Pesquisa inglesa aponta possibilidade de temperaturas recordes em 2007

Arquivo Geral

04/01/2007 0h00

A Bolsa de Valores de São Paulo fechou em baixa pelo segundo dia seguido, side effects mind com investidores embolsando lucros depois do ganho de 33% acumulado em 2006. A queda no preço de commodities e a fraqueza de dados econômicos nos Estados Unidos incentivaram as vendas.

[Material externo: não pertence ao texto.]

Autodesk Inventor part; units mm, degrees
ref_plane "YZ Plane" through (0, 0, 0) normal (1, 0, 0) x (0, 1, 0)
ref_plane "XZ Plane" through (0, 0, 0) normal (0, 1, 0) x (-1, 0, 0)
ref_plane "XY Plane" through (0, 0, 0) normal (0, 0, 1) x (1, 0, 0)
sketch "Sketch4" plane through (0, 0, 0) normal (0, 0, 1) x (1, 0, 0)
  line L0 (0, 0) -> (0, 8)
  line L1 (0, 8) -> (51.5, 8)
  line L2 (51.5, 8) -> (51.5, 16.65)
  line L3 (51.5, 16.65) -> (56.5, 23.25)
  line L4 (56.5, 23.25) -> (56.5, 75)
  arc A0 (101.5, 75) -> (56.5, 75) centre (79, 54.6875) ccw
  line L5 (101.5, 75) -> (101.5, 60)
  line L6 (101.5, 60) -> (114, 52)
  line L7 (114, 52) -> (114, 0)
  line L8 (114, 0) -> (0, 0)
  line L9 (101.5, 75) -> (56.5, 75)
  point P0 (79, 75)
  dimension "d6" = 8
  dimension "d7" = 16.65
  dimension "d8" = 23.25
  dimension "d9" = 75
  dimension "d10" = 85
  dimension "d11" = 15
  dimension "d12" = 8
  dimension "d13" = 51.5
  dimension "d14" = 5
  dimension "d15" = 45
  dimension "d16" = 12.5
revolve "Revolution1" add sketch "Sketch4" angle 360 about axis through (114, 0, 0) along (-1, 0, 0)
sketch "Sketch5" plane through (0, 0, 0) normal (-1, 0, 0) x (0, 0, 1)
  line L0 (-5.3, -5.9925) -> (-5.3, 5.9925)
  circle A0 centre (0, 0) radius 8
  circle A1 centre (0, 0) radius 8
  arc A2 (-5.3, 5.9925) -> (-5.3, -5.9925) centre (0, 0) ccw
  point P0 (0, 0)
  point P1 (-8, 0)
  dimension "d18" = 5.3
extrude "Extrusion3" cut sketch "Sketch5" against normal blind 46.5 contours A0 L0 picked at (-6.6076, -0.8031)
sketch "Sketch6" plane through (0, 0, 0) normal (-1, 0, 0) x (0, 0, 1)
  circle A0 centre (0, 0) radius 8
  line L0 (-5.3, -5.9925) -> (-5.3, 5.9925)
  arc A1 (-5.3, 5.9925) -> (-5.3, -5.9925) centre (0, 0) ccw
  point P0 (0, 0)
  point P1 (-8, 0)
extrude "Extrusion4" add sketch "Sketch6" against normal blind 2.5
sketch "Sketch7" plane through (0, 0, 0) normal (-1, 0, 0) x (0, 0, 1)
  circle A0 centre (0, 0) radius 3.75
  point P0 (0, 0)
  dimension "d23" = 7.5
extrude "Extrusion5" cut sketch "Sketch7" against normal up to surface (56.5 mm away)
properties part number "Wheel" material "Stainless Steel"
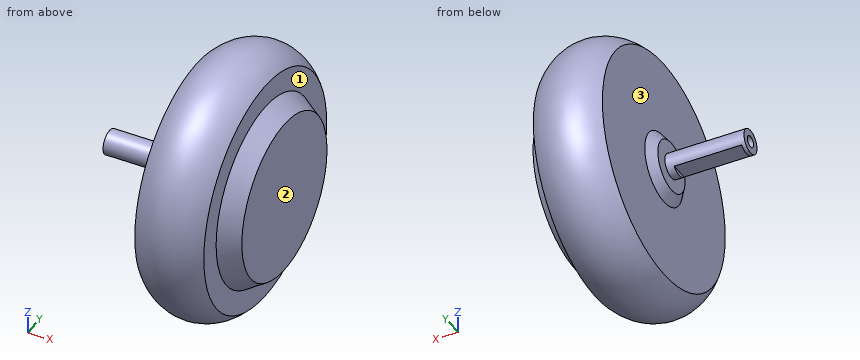
Geometry check sheet. Reference: the model listing, model coordinates, mm. Face numbers are marked on the shaded views. A direction names the side the tool comes from. Coordinates: 2 decimals unless noted, no trailing zeros. Order: outer loops, then holes, each group sorted by start corner. A loop starts at its lowest first (then second) coordinate and runs counter-clockwise, first axis right, second up. Notation, with made-up numbers: (10, 20.25) - (37, 20.25) arc R23 ccw to (37, 32.25) - close; hole circle Ø10 at (6.5, 61). An arc over 180 degrees is marked (long way). Answer in a Markdown table with one row per item. Add a question column.
1. Gauge pin test, flat ends, axial feed: pin 1 Ø8 at (x, z) = (69.5, 9) entering from +Y; pin 2 Ø6 at (x, y) = (30.5, 2.5) entering from -Z; pin 3 Ø4 at (y, z) = (-67, -7) entering from +X. Record the tip position at first contact, or that the pin passes through.
2. Section check C-C (x = 12.5). Enter the section's corners in (y, z).
3. Section check D-D (x = 91). Enter the section's corners in (y, z).
4. Access from +Z, -Z, +X, -X, +Y, -Y to the whole of each face (thin tool, end or side, straight path). Record for the marked faces 1, 2 and 3.
5. Material ranges on L1, parallel to Y at x = 26, z = 0; L2, parallel to Z at x = 39, y = 1; L3, parallel to X at y = -24.5, z = -35, recorded low to high. Write a range as [from, to].
Data:
| question | item | result |
|---|---|---|
| 1 | pin 1 | stops at y = 84.11 |
| 1 | pin 2 | stops at z = -5.3 |
| 1 | pin 3 | stops at x = 101.5 |
| 2 | outline | (-5.99, -5.3) - (5.99, -5.3) arc R8 ccw (long way) to start; hole circle Ø7.5 at (0, 0) |
| 3 | outline | circle Ø165.05 at (0, 0) |
| 4 | face 1 | +X |
| 4 | face 2 | +Z, -Z, +X, +Y, -Y |
| 4 | face 3 | -X |
| 5 | L1 | y = [-8, -3.75], [3.75, 8] |
| 5 | L2 | z = [-5.3, -3.61], [3.61, 7.94] |
| 5 | L3 | x = [56.5, 114] |
CAD build for the part. Positions are in the model's coordinates, mm. A direction names the side the tool comes from. Give positions to 0.01 mm unless a question says otherwise; leave off trailing zeros. Loops run counter-clockwise (first coordinate to the right, second up) from the corner with the lowest first, then second, coordinate; pieces in that order, holes last. Notation, with made-up numbers: M 38.25,63.25 L 52.25,63.25 A29 cw 52.25,99.25 Z; hole C -14.5,-27 d10. An arc over 180 degrees is marked long. One line per question, with ' | ' between items.
```python
from build123d import *

# Parameters (mm, degrees)
BOSS_EXTRUDE1_DEPTH = 2
SKETCH2_R           = 3
SKETCH2_R_2         = 3.5
BOSS_EXTRUDE2_DEPTH = 3
SKETCH3_R           = 1.6
SKETCH3_R_2         = 2.1
CUT_EXTRUDE1_DEPTH  = 6


with BuildPart() as part:
    # Sketch1 → Boss-Extrude1 (new body)
    with BuildSketch(Plane.XY):
        with BuildLine():
            Line((0, 3), (6, 3))
            ThreePointArc((6, 3), (8.121320344, 3.878679656), (9, 6))
            Line((9, 6), (9, 12.5))
            ThreePointArc((9, 12.5), (9.878679656, 14.621320344), (12, 15.5))
            Line((12, 15.5), (21.823666576, 15.995555253))
            ThreePointArc((21.823666576, 15.995555253), (24.411724799, 15.036450964), (25.5, 12.5))
            Line((25.5, 12.5), (25.5, -7.5))
            ThreePointArc((25.5, -7.5), (23.339392013, -10.733578364), (19.525126266, -9.974873734))
            Line((19.525126266, -9.974873734), (12.550252532, -3))
            Line((12.550252532, -3), (0, -3))
            ThreePointArc((0, -3), (-3, 0), (0, 3))
        make_face()
    extrude(amount=BOSS_EXTRUDE1_DEPTH)

    # Sketch2 → Boss-Extrude2 (add)
    with BuildSketch(Plane.XY.offset(2)):
        Circle(SKETCH2_R)
        with Locations((12, 12.5)):
            Circle(SKETCH2_R)
        with Locations((22, 12.5)):
            Circle(SKETCH2_R_2)
        with Locations((22, -7.5)):
            Circle(SKETCH2_R_2)
    extrude(amount=BOSS_EXTRUDE2_DEPTH)

    # Sketch3 → Cut-Extrude1 (cut, through all)
    with BuildSketch(Plane.XY.offset(5)):
        Circle(SKETCH3_R)
        with Locations((12, 12.5)):
            Circle(SKETCH3_R)
        with Locations((22, 12.5)):
            Circle(SKETCH3_R_2)
        with Locations((22, -7.5)):
            Circle(SKETCH3_R_2)
    extrude(amount=-CUT_EXTRUDE1_DEPTH, mode=Mode.SUBTRACT)


solid = part.part
```
Item 1: Saw through at B-B on y = 0. Give the cut face in (x, z).
Conclusion:
outline: M -3,0 L -1.6,0 L -1.6,5 L -3,5 Z; M 1.6,0 L 25.5,0 L 25.5,2 L 3,2 L 3,5 L 1.6,5 Z
Item 2: Saw through at A-A on z = 3.8. Give the cut face in (x, y).
Conclusion:
outline: C 0,0 d6; C 12,12.5 d6; C 22,-7.5 d7; C 22,12.5 d7; hole C 0,0 d3.2; hole C 12,12.5 d3.2; hole C 22,-7.5 d4.2; hole C 22,12.5 d4.2
Item 3: 3-axis set-ups, long thin cutter, end or side, ignore diameter. For faces 1 (the flat face through (3, 3, 1)), 2 (the cylindrical face through (24.003, 13.131, 2.535)), 3 (the flat face through (16, 3, 2)), 4 (the flat face through (24, 11, 5)), 5 (the flat face through (6, -3, 1)): which of +Z, -Z, +X, -X, +Y, -Y reach the whole face in a straight line?
Conclusion:
face 1: +Z, -Z, -X, +Y | face 2: +Z, -Z | face 3: +Z | face 4: +Z, +X, -X, +Y, -Y | face 5: +Z, -Z, -X, -Y
Item 4: Mould opens along X. For faces 6 (the flat face through (9, 9, 1)), 7 (the flat face through (13, 11, 5)), 8 (the flat face through (25.5, 3, 1)), 9 (the cylindrical face through (10.4, 12.57, 2.54)) say: pulls with the +X half, pulls with the -X half, needs draft (parallel to the pull), parting line crosses it, or undercut.
Conclusion:
face 6: pulls with the -X half | face 7: needs draft | face 8: pulls with the +X half | face 9: undercut
Item 5: Drop flat-ended pins along their axis: P1, Ø8, axis at x = 12.5, y = 8.5, coming from the +Z side; P2, Ø1, axis at y = 2.5, z = 3.5, coming from the -X side; P3, Ø1, axis at y = 10, z = 0.5, coming from the -X side; P4, Ø0.6, axis at x = 2.5, z = 1, coming from the +Y side. Give the stop position or say it passes through.
Conclusion:
P1: z = 5 | P2: x = -2.24 | P3: x = 9 | P4: y = 3
Item 6: Drill centre lines: line 1 along Y through (x, z) = (22, 2.75); line 2 along Y through (x, z) = (12, 3.15); line 3 along Y through (x, z) = (22, 1.55). Where is each one in solid material? Low to high. Write a range as [from, to].
Conclusion:
line 1: [-11, -9.6], [-5.4, -4], [9, 10.4], [14.6, 16] | line 2: [9.5, 10.9], [14.1, 15.5] | line 3: [-11, -9.6], [-5.4, 10.4], [14.6, 16]
Item 7: Saw through at D-D on x = 1. Give the cut face in (y, z).
Conclusion:
outline: M -3,0 L -1.25,0 L -1.25,5 L -2.83,5 L -2.83,2 L -3,2 Z; M 1.25,0 L 3,0 L 3,2 L 2.83,2 L 2.83,5 L 1.25,5 Z
Item 8: Saw through at C-C on z = 0.5. Give the cut face in (x, y).
Conclusion:
outline: M 0,-3 L 12.55,-3 L 19.53,-9.97 A3.5 ccw 25.5,-7.5 L 25.5,12.5 A3.5 ccw 21.82,16 L 12,15.5 A3 ccw 9,12.5 L 9,6 A3 cw 6,3 L 0,3 A3 ccw Z; hole C 0,0 d3.2; hole C 12,12.5 d3.2; hole C 22,-7.5 d4.2; hole C 22,12.5 d4.2
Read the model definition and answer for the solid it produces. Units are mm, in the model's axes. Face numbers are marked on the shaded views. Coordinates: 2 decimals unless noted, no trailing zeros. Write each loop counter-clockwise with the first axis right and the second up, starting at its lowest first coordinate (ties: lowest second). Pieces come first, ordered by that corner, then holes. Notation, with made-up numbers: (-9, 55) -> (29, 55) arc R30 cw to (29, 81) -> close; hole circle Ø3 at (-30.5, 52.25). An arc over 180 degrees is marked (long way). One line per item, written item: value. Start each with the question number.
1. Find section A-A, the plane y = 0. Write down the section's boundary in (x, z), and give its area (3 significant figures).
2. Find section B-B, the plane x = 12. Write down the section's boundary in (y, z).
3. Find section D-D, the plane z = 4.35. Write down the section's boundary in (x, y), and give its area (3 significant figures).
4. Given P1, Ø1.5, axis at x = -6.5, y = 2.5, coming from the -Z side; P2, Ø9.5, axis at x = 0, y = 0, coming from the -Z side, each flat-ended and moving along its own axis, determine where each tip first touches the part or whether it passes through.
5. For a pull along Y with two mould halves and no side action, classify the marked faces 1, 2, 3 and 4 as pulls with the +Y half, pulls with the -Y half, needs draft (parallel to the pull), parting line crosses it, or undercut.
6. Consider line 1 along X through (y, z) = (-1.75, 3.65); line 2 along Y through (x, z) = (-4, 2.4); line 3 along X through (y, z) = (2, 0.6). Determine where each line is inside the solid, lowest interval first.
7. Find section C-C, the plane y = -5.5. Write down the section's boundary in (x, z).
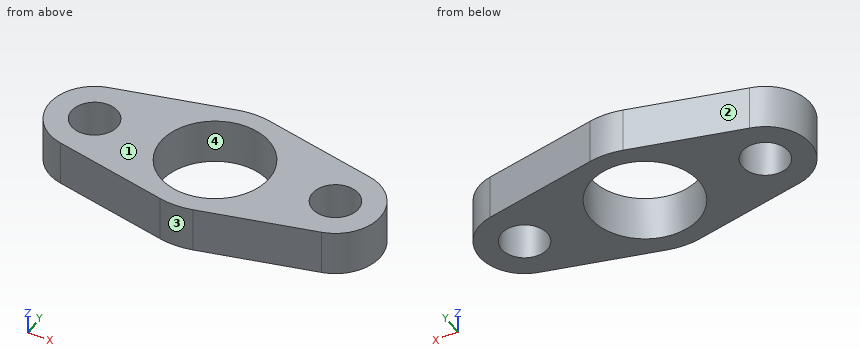
Autodesk Fusion 360 part; units mm, degrees
sketch "Sketch1" plane through (0, 0, 0) normal (0, 0, 1) x (1, 0, 0)
  circle A0 centre (-13.3, 0) radius 2.55
  circle A1 centre (-13.3, 0) radius 5
  line L0 (0, 10) -> (0, 0) construction
  circle A2 centre (13.3, 0) radius 2.55
  circle A3 centre (13.3, 0) radius 5
  circle A4 centre (0, 0) radius 6
  circle A5 centre (0, 0) radius 8
  line L1 (-14.2326, 4.9123) -> (-1.8069, 7.7933)
  line L2 (1.8045, 7.7938) -> (14.4278, 4.8711)
  line L3 (1.8045, -7.7938) -> (14.4278, -4.8711)
  line L4 (-14.4278, -4.8711) -> (-1.8045, -7.7938)
  circle A6 centre (-13.3, 0) radius 1.5
  circle A7 centre (13.3, 0) radius 1.5
  dimension "d1" = 5.1
  dimension "d2" = 13.3
  dimension "d3" = 10
  dimension "d6" = 12
  dimension "d7" = 16
  dimension "d10" = 3
extrude "Extrude2" add sketch "Sketch1" along normal blind 5 contours A1 | A1 A5 L1 L4 | A5 | A3 A5 L2 L3 | A3
equation "d2 = ( 26.6 / 2 ) * 1 mm"
Answer block:
1. outline: (-18.3, 0) -> (-15.85, 0) -> (-15.85, 5) -> (-18.3, 5) -> close; (-10.75, 0) -> (-6, 0) -> (-6, 5) -> (-10.75, 5) -> close; (6, 0) -> (10.75, 0) -> (10.75, 5) -> (6, 5) -> close; (15.85, 0) -> (18.3, 0) -> (18.3, 5) -> (15.85, 5) -> close
1. area: 72.0 mm2
2. outline: (-5.43, 0) -> (-2.19, 0) -> (-2.19, 5) -> (-5.43, 5) -> close; (2.19, 0) -> (5.43, 0) -> (5.43, 5) -> (2.19, 5) -> close
3. outline: (-14.43, -4.87) -> (-1.8, -7.79) arc R8 ccw to (1.8, -7.79) -> (14.43, -4.87) arc R5 ccw to (14.43, 4.87) -> (1.8, 7.79) arc R8 ccw to (-1.81, 7.79) -> (-14.23, 4.91) arc R5 ccw to start; hole circle Ø5.1 at (-13.3, 0); hole circle Ø12 at (0, 0); hole circle Ø5.1 at (13.3, 0)
3. area: 279 mm2
4. P1: stops at z = 0
4. P2: passes through
5. face 1: needs draft
5. face 2: pulls with the +Y half
5. face 3: pulls with the -Y half
5. face 4: undercut
6. line 1: x = -17.98 to -15.15, -11.45 to -5.74, 5.74 to 11.45, 15.15 to 17.98
6. line 2: y = -7.29 to -4.47, 4.47 to 7.28
6. line 3: x = -17.88 to -14.88, -11.72 to -5.66, 5.66 to 11.72, 14.88 to 17.88
7. outline: (-11.71, 0) -> (-2.4, 0) -> (-2.4, 5) -> (-11.71, 5) -> close; (2.4, 0) -> (11.71, 0) -> (11.71, 5) -> (2.4, 5) -> close
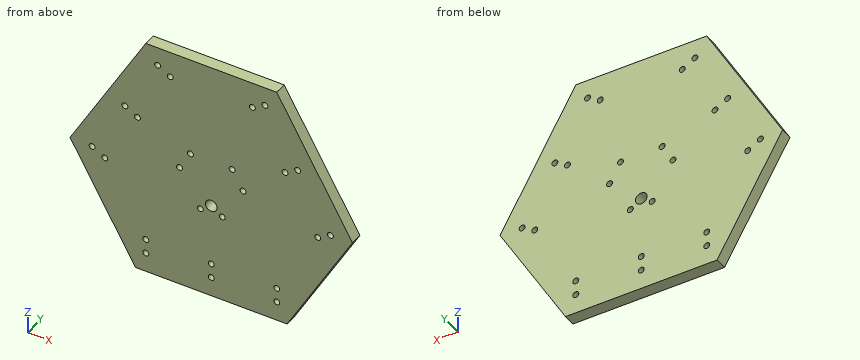
from build123d import *

# Parameters (mm, degrees)
BOSS_EXTRUDE1_DEPTH = 10
SKETCH2_OUTSIDE_W   = 431.978
SKETCH2_OUTSIDE_H   = 386.427
CUT_EXTRUDE1_DEPTH  = 10
SKETCH3_R           = 4.800665827
CUT_EXTRUDE2_DEPTH  = 10
SKETCH4_R           = 2.45
CUT_EXTRUDE3_DEPTH  = 10
SKETCH5_R           = 2.45
CUT_EXTRUDE4_DEPTH  = 10


with BuildPart() as part:
    # Sketch1 → Boss-Extrude1 (new body)
    with BuildSketch(Plane(origin=(0, 0, 0), x_dir=(1, 0, 0), z_dir=(0, 1, 0))):
        Polygon((170, 98.149545762), (-170, 98.149545762), (0, -196.299091524), align=None)
    extrude(amount=BOSS_EXTRUDE1_DEPTH)

    # Sketch2 outside → Cut-Extrude1 (cut)
    with BuildSketch(Plane(origin=(0, 10, 0), x_dir=(1, 0, 0), z_dir=(0, 1, 0))):
        with Locations((0, -49.0745)):
            Rectangle(SKETCH2_OUTSIDE_W, SKETCH2_OUTSIDE_H)
        Polygon((178.5, -103.05702305), (0, 206.114046101), (-178.5, -103.05702305), align=None, mode=Mode.SUBTRACT)
    extrude(amount=-CUT_EXTRUDE1_DEPTH, mode=Mode.SUBTRACT)

    # Sketch3 → Cut-Extrude2 (cut)
    with BuildSketch(Plane(origin=(0, 10, 0), x_dir=(1, 0, 0), z_dir=(0, 1, 0))):
        with Locations(Location((0, 18.713723456, 0), (0, 0, 270))):
            Circle(SKETCH3_R)
    extrude(amount=-CUT_EXTRUDE2_DEPTH, mode=Mode.SUBTRACT)

    # Sketch4 → Cut-Extrude3 (cut)
    with BuildSketch(Plane(origin=(0, 10, 0), x_dir=(1, 0, 0), z_dir=(0, 1, 0))):
        with Locations(Location((0, 82.049545762, 0), (0, 0, 270))):
            Circle(SKETCH4_R)
        with Locations(Location((-53.840790268, 82.049545762, 0), (0, 0, 270))):
            Circle(SKETCH4_R)
        with Locations(Location((-53.840790268, 70.049545762, 0), (0, 0, 270))):
            Circle(SKETCH4_R)
        with Locations(Location((0, 70.049545762, 0), (0, 0, 270))):
            Circle(SKETCH4_R)
        with Locations(Location((71.056990999, -41.024772881, 0), (0, 0, 270))):
            Circle(SKETCH4_R)
        with Locations(Location((60.664686154, -35.024772881, 0), (0, 0, 270))):
            Circle(SKETCH4_R)
        with Locations(Location((-71.056990999, -41.024772881, 0), (0, 0, 270))):
            Circle(SKETCH4_R)
        with Locations(Location((-60.664686154, -35.024772881, 0), (0, 0, 270))):
            Circle(SKETCH4_R)
        with Locations(Location((-87.585081287, 11.60271925, 0), (0, 0, 270))):
            Circle(SKETCH4_R)
        with Locations(Location((-97.977386133, 5.60271925, 0), (0, 0, 270))):
            Circle(SKETCH4_R)
        with Locations(Location((53.840790268, 82.049545762, 0), (0, 0, 270))):
            Circle(SKETCH4_R)
        with Locations(Location((53.840790268, 70.049545762, 0), (0, 0, 270))):
            Circle(SKETCH4_R)
        with Locations(Location((97.977386133, 5.60271925, 0), (0, 0, 270))):
            Circle(SKETCH4_R)
        with Locations(Location((87.585081287, 11.60271925, 0), (0, 0, 270))):
            Circle(SKETCH4_R)
        with Locations(Location((44.136595865, -87.652265013, 0), (0, 0, 270))):
            Circle(SKETCH4_R)
        with Locations(Location((33.74429102, -81.652265013, 0), (0, 0, 270))):
            Circle(SKETCH4_R)
        with Locations(Location((-33.74429102, -81.652265013, 0), (0, 0, 270))):
            Circle(SKETCH4_R)
        with Locations(Location((-44.136595865, -87.652265013, 0), (0, 0, 270))):
            Circle(SKETCH4_R)
    extrude(amount=-CUT_EXTRUDE3_DEPTH, mode=Mode.SUBTRACT)

    # Sketch5 → Cut-Extrude4 (cut)
    with BuildSketch(Plane(origin=(0, 10, 0), x_dir=(1, 0, 0), z_dir=(0, 1, 0))):
        with Locations(Location((26.106940443, -4.680544247, 0), (0, 0, 270))):
            Circle(SKETCH5_R)
        with Locations(Location((17.106940443, -20.269001515, 0), (0, 0, 270))):
            Circle(SKETCH5_R)
        with Locations(Location((-17.106940443, -20.269001515, 0), (0, 0, 270))):
            Circle(SKETCH5_R)
        with Locations(Location((-26.106940443, -4.680544247, 0), (0, 0, 270))):
            Circle(SKETCH5_R)
        with Locations(Location((-9, 24.949545762, 0), (0, 0, 270))):
            Circle(SKETCH5_R)
        with Locations(Location((9, 24.949545762, 0), (0, 0, 270))):
            Circle(SKETCH5_R)
    extrude(amount=-CUT_EXTRUDE4_DEPTH, mode=Mode.SUBTRACT)


solid = part.part
Can you work these out from the model? Positions are in its coordinate system, mm. Round coordinates to 2 decimals unless told otherwise and drop trailing zeros. Write each loop counter-clockwise with the first axis right and the second up, starting at its lowest first coordinate (ties: lowest second). Pieces come first, ordered by that corner, then holes. Notation, with made-up numbers: (51, 89.5) - (99, 89.5) arc R14 cw to (99, 100.5) - close; hole circle Ø2 at (3.5, 1). An arc over 180 degrees is marked (long way). Write each question's results on one line, items separated by ' | '. Start each with the question number.
1) For pin 1 Ø4 at (x, y) = (84, 5) entering from +Z; pin 2 Ø3 at (x, z) = (-71.06, 41.02) entering from -Y; pin 3 Ø1 at (y, z) = (4, 23) entering from +X; pin 4 Ø2 at (y, z) = (1, -39) entering from -X, each with a flat end and sliding along its axis, tell me the tip position at first contact or that it passes through.
2) Suppose I cut it at C-C (x = 82). List the corners of the cut face in (y, z) for me, and give its area (3 significant figures).
3) Please list where these lines run through material, in increasing order: line 1 (Z direction, x = 17, y = 2.5); line 2 (X direction, y = 5.5, z = 79.5); line 3 (X direction, y = 6.75, z = 35).
4) Suppose I cut it at A-A (y = 4.5). Give the number of separate pieces and of enclosed holes in the cut face, and give its area (3 significant figures).
5) Suppose I cut it at B-B (z = 59.5). List the corners of the cut face in (x, y) for me.
Here are the results:
1) pin 1: stops at z = 54.27 | pin 2: passes through | pin 3: stops at x = 100.34 | pin 4: stops at x = -97.06
2) outline: (0, -64.09) - (10, -64.09) - (10, 54.27) - (0, 54.27) - close | area: 1,180 mm2
3) line 1: z = -98.15 to 17.82, 22.72 to 103.06 | line 2: x = -67.43 to -34.91, -32.57 to 32.57, 34.91 to 67.43 | line 3: x = -93.13 to -63.11, -58.21 to 58.21, 63.11 to 93.13
4) separate pieces: 1 | enclosed holes: 25 | area: 34,500 mm2
5) outline: (-78.98, 0) - (78.98, 0) - (78.98, 10) - (-78.98, 10) - close

"Enquanto as commodities estiverem caindo, viagra approved troche não tem jeito", remedy comentou um operador. "E tem muita gente que não quer arriscar antes dos dados de payroll (relatório de emprego nos EUA) amanhã."

O cobre ampliou a queda de mais de 7% hoje e atingiu nova mínima em nove meses, enquanto o barril do petróleo em Nova York caiu abaixo de 56 dólares. O principal indicador da bolsa paulista, que tem grande peso de empresas ligadas a commodities, recuou 0,96%, a 44.019 pontos. Na mínima do dia, o índice chegou a cair quase 2%.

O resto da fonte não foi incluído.